Items listed in a dataset:
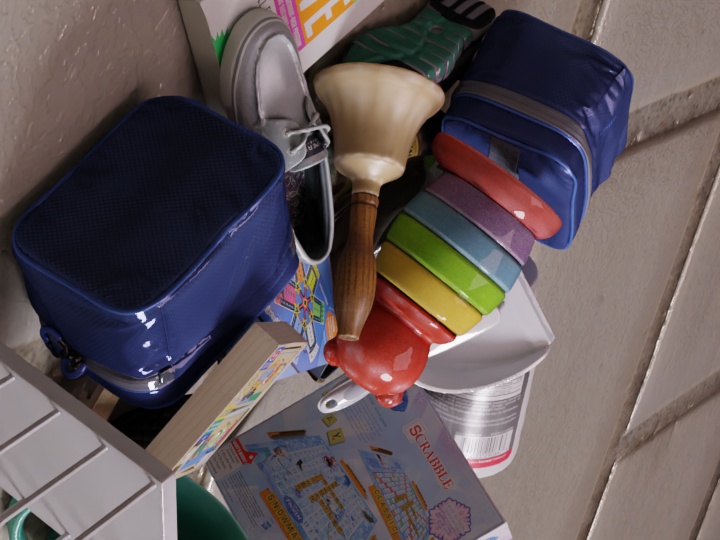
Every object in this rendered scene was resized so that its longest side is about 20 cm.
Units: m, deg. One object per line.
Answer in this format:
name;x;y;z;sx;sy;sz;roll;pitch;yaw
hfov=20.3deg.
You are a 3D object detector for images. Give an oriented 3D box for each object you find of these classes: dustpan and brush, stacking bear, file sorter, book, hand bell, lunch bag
dustpan and brush;0.052;0.061;1.669;0.199;0.057;0.140;-27;111;6
stacking bear;0.055;0.009;1.566;0.200;0.121;0.114;-53;-170;0
file sorter;-0.234;0.161;1.341;0.124;0.199;0.139;-35;144;-35
book;-0.048;-0.216;1.481;0.200;0.048;0.134;-46;149;-22
hand bell;0.001;-0.045;1.529;0.104;0.103;0.201;43;52;-64
lunch bag;0.143;-0.106;1.709;0.133;0.135;0.200;-58;163;-19
lunch bag;-0.141;-0.002;1.395;0.200;0.135;0.133;-46;150;-24

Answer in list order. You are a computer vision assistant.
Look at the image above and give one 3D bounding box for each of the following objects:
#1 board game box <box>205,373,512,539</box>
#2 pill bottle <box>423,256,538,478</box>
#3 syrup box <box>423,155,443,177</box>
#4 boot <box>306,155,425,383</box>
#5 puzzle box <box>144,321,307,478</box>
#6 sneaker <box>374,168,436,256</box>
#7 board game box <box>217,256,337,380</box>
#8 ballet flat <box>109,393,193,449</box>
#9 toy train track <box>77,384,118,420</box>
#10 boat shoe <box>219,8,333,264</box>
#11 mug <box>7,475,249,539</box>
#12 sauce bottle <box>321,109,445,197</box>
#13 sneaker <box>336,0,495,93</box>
board game box;-0.005;0.193;1.710;0.199;0.201;0.041;-29;150;-3
pill bottle;0.102;0.077;1.781;0.111;0.110;0.201;-34;143;-43
syrup box;0.051;-0.005;1.825;0.200;0.078;0.082;-54;154;-13
boot;0.000;0.000;1.638;0.200;0.097;0.075;-43;166;19
puzzle box;-0.098;0.094;1.457;0.133;0.025;0.200;-50;176;2
sneaker;0.003;-0.003;1.740;0.201;0.070;0.080;-52;142;2
board game box;-0.072;-0.011;1.551;0.102;0.019;0.201;-17;114;-26
ballet flat;-0.172;0.140;1.552;0.057;0.066;0.200;66;27;-5
toy train track;-0.165;0.028;1.525;0.201;0.032;0.115;-61;148;-15
boat shoe;-0.050;-0.094;1.464;0.070;0.071;0.202;-32;132;-33
mug;-0.187;0.227;1.569;0.115;0.185;0.152;-54;177;20
sauce bottle;0.009;-0.104;1.669;0.200;0.064;0.065;-23;135;-53
sneaker;0.045;-0.160;1.670;0.200;0.074;0.088;-33;148;-46

EXERCISE BRIEF: Starting with the line with "Answer in list" above and going on through the line with "#12 sauce bottle <box>321,109,445,197</box>", transcribe every line exactly, both ends included, and add nothing.

YOUR SOLUTION:
Answer in list order. You are a computer vision assistant.
Look at the image above and give one 3D bounding box for each of the following objects:
#1 board game box <box>205,373,512,539</box>
#2 pill bottle <box>423,256,538,478</box>
#3 syrup box <box>423,155,443,177</box>
#4 boot <box>306,155,425,383</box>
#5 puzzle box <box>144,321,307,478</box>
#6 sneaker <box>374,168,436,256</box>
#7 board game box <box>217,256,337,380</box>
#8 ballet flat <box>109,393,193,449</box>
#9 toy train track <box>77,384,118,420</box>
#10 boat shoe <box>219,8,333,264</box>
#11 mug <box>7,475,249,539</box>
#12 sauce bottle <box>321,109,445,197</box>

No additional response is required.